— EXERCISE AIM —
Print every entry exactly as written.

Stored dataset items:
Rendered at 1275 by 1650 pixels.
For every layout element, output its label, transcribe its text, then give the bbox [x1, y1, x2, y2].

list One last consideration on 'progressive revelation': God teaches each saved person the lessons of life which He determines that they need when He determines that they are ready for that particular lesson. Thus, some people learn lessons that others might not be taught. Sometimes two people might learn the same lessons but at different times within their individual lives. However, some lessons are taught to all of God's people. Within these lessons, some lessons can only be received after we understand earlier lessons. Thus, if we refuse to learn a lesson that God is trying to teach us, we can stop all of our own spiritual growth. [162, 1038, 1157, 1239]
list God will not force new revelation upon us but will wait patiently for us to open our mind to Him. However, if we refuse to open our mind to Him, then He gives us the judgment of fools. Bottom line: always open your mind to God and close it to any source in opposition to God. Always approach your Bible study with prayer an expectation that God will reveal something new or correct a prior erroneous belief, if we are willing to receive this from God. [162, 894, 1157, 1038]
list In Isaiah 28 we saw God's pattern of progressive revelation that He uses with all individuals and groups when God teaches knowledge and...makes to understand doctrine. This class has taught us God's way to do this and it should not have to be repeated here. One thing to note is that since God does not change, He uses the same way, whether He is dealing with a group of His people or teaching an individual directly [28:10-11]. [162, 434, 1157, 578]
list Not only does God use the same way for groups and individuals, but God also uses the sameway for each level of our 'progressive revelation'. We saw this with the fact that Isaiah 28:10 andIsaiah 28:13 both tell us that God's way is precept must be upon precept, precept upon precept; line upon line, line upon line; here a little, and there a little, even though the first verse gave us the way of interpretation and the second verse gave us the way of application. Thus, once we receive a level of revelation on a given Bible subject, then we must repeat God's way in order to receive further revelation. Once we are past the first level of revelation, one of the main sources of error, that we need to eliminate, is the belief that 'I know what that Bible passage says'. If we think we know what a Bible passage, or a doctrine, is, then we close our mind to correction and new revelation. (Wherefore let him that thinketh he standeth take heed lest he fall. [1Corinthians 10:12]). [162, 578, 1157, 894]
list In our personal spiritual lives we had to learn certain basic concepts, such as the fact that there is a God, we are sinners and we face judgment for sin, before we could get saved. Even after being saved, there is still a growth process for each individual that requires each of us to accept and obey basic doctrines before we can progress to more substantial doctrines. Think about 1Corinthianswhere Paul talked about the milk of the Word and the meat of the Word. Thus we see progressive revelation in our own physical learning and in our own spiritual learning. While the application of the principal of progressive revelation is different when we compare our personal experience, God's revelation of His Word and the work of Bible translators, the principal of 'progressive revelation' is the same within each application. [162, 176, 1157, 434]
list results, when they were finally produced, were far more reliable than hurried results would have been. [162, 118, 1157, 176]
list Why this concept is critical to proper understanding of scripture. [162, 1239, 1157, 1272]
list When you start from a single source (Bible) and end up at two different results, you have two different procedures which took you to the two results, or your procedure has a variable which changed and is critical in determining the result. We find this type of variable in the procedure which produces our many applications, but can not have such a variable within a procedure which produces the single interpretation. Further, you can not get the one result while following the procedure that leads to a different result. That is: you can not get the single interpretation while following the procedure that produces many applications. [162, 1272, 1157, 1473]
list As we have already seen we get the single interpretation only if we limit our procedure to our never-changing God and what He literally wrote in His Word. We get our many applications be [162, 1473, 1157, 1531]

— TASK SOLUTION —
Rendered at 1275 by 1650 pixels.
For every layout element, output its label, transcribe its text, then give the bbox [x1, y1, x2, y2].

list One last consideration on 'progressive revelation': God teaches each saved person the lessons of life which He determines that they need when He determines that they are ready for that particular lesson. Thus, some people learn lessons that others might not be taught. Sometimes two people might learn the same lessons but at different times within their individual lives. However, some lessons are taught to all of God's people. Within these lessons, some lessons can only be received after we understand earlier lessons. Thus, if we refuse to learn a lesson that God is trying to teach us, we can stop all of our own spiritual growth. [162, 1038, 1157, 1239]
list God will not force new revelation upon us but will wait patiently for us to open our mind to Him. However, if we refuse to open our mind to Him, then He gives us the judgment of fools. Bottom line: always open your mind to God and close it to any source in opposition to God. Always approach your Bible study with prayer an expectation that God will reveal something new or correct a prior erroneous belief, if we are willing to receive this from God. [162, 894, 1157, 1038]
list In Isaiah 28 we saw God's pattern of progressive revelation that He uses with all individuals and groups when God teaches knowledge and...makes to understand doctrine. This class has taught us God's way to do this and it should not have to be repeated here. One thing to note is that since God does not change, He uses the same way, whether He is dealing with a group of His people or teaching an individual directly [28:10-11]. [162, 434, 1157, 578]
list Not only does God use the same way for groups and individuals, but God also uses the sameway for each level of our 'progressive revelation'. We saw this with the fact that Isaiah 28:10 andIsaiah 28:13 both tell us that God's way is precept must be upon precept, precept upon precept; line upon line, line upon line; here a little, and there a little, even though the first verse gave us the way of interpretation and the second verse gave us the way of application. Thus, once we receive a level of revelation on a given Bible subject, then we must repeat God's way in order to receive further revelation. Once we are past the first level of revelation, one of the main sources of error, that we need to eliminate, is the belief that 'I know what that Bible passage says'. If we think we know what a Bible passage, or a doctrine, is, then we close our mind to correction and new revelation. (Wherefore let him that thinketh he standeth take heed lest he fall. [1Corinthians 10:12]). [162, 578, 1157, 894]
list In our personal spiritual lives we had to learn certain basic concepts, such as the fact that there is a God, we are sinners and we face judgment for sin, before we could get saved. Even after being saved, there is still a growth process for each individual that requires each of us to accept and obey basic doctrines before we can progress to more substantial doctrines. Think about 1Corinthianswhere Paul talked about the milk of the Word and the meat of the Word. Thus we see progressive revelation in our own physical learning and in our own spiritual learning. While the application of the principal of progressive revelation is different when we compare our personal experience, God's revelation of His Word and the work of Bible translators, the principal of 'progressive revelation' is the same within each application. [162, 176, 1157, 434]
list results, when they were finally produced, were far more reliable than hurried results would have been. [162, 118, 1157, 176]
list Why this concept is critical to proper understanding of scripture. [162, 1239, 1157, 1272]
list When you start from a single source (Bible) and end up at two different results, you have two different procedures which took you to the two results, or your procedure has a variable which changed and is critical in determining the result. We find this type of variable in the procedure which produces our many applications, but can not have such a variable within a procedure which produces the single interpretation. Further, you can not get the one result while following the procedure that leads to a different result. That is: you can not get the single interpretation while following the procedure that produces many applications. [162, 1272, 1157, 1473]
list As we have already seen we get the single interpretation only if we limit our procedure to our never-changing God and what He literally wrote in His Word. We get our many applications be [162, 1473, 1157, 1531]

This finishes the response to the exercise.